Many of the answers here describe why tanh (i.e. (1 - e^2x) / (1 + e^2x)) is preferable to the sigmoid/logistic function (1 / (1 + e^-x)), but it should noted that there is a good reason why these are the two most common alternatives that should be understood, which is that during training of an MLP using the back propagation algorithm, the algorithm requires the value of the derivative of the activation function at the point of activation of each node in the network. While this could generally be calculated for most plausible activation functions (except those with discontinuities, which is a bit of a problem for those), doing so often requires expensive computations and/or storing additional data (e.g. the value of input to the activation function, which is not otherwise required after the output of each node is calculated). Tanh and the logistic function, however, both have very simple and efficient calculations for their derivatives that can be calculated from the output of the functions; i.e. if the node's weighted sum of inputs is v and its output is u, we need to know du/dv which can be calculated from u rather than the more traditional v: for tanh it is 1 - u^2 and for the logistic function it is u * (1 - u). This fact makes these two functions more efficient to use in a back propagation network than most alternatives, so a compelling reason would usually be required to deviate from them.
In theory I in accord with above responses. In my experience, some problems have a preference for sigmoid rather than tanh, probably due to the nature of these problems (since there are non-linear effects, is difficult understand why).
Given a problem, I generally optimize networks using a genetic algorithm. The activation function of each element of the population is choosen randonm between a set of possibilities (sigmoid, tanh, linear, ...). For a 30% of problems of classification, best element found by genetic algorithm has sigmoid as activation function.

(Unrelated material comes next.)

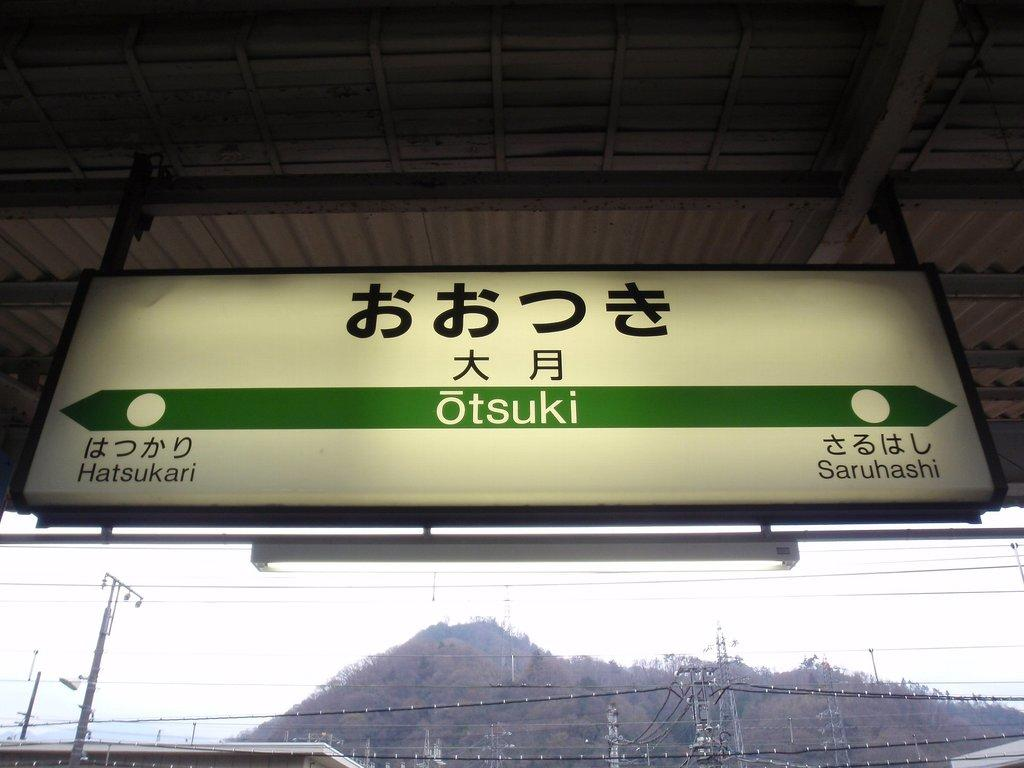<image>
Provide a brief description of the given image. A sign shows the current location, Otsuki, the names of the next stations are shown.

In deep learning the ReLU has become the activation function of choice because the math is much simpler from sigmoid activation functions such as tanh or logit, especially if you have many layers. To assign weights using backpropagation, you normally calculate the gradient of the loss function and apply the chain rule for hidden layers, meaning you need the derivative of the activation functions. ReLU is a ramp function where you have a flat part where the derivative is 0, and a skewed part where the derivative is 1. This makes the math really easy. If you use the hyperbolic tangent you might run into the fading gradient problem, meaning if x is smaller than -2 or bigger than 2, the derivative gets really small and your network might not converge, or you might end up having a dead neuron that does not fire anymore.